Dataset items
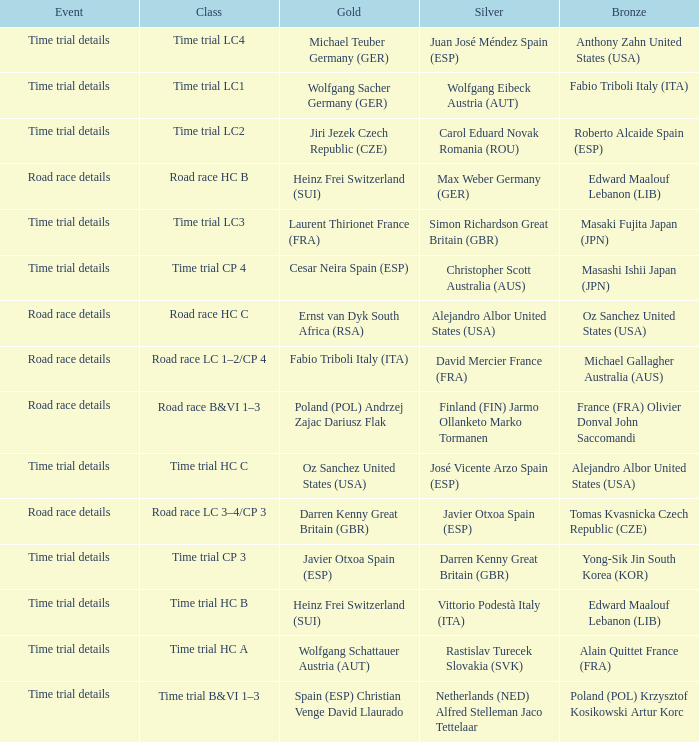What is the event when the class is time trial hc a? Time trial details. 
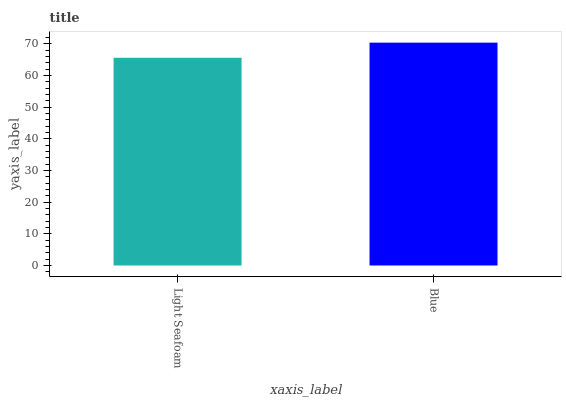Is Light Seafoam the minimum?
Answer yes or no. Yes. Is Blue the maximum?
Answer yes or no. Yes. Is Blue the minimum?
Answer yes or no. No. Is Blue greater than Light Seafoam?
Answer yes or no. Yes. Is Light Seafoam less than Blue?
Answer yes or no. Yes. Is Light Seafoam greater than Blue?
Answer yes or no. No. Is Blue less than Light Seafoam?
Answer yes or no. No. Is Blue the high median?
Answer yes or no. Yes. Is Light Seafoam the low median?
Answer yes or no. Yes. Is Light Seafoam the high median?
Answer yes or no. No. Is Blue the low median?
Answer yes or no. No. 
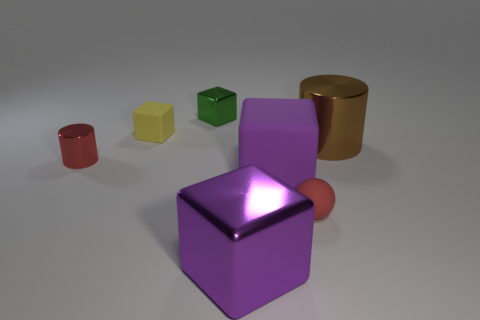Subtract 1 cubes. How many cubes are left? 3 Add 2 big yellow shiny objects. How many objects exist? 9 Subtract all gray blocks. Subtract all red cylinders. How many blocks are left? 4 Subtract all cylinders. How many objects are left? 5 Subtract 0 green spheres. How many objects are left? 7 Subtract all large shiny objects. Subtract all purple rubber blocks. How many objects are left? 4 Add 1 purple rubber things. How many purple rubber things are left? 2 Add 2 small yellow metallic objects. How many small yellow metallic objects exist? 2 
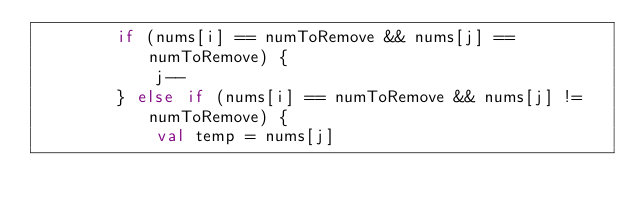Convert code to text. <code><loc_0><loc_0><loc_500><loc_500><_Kotlin_>        if (nums[i] == numToRemove && nums[j] == numToRemove) {
            j--
        } else if (nums[i] == numToRemove && nums[j] != numToRemove) {
            val temp = nums[j]</code> 
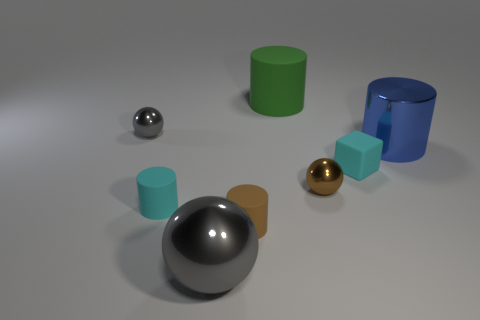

What the exercise asks: In the data above, each line holding "than" is to be found and copied.

Solution to the exercise:
Answer yes or no. No. Is Blue greater than Light Seafoam?
Answer yes or no. Yes. Is Light Seafoam less than Blue?
Answer yes or no. Yes. Is Light Seafoam greater than Blue?
Answer yes or no. No. Is Blue less than Light Seafoam?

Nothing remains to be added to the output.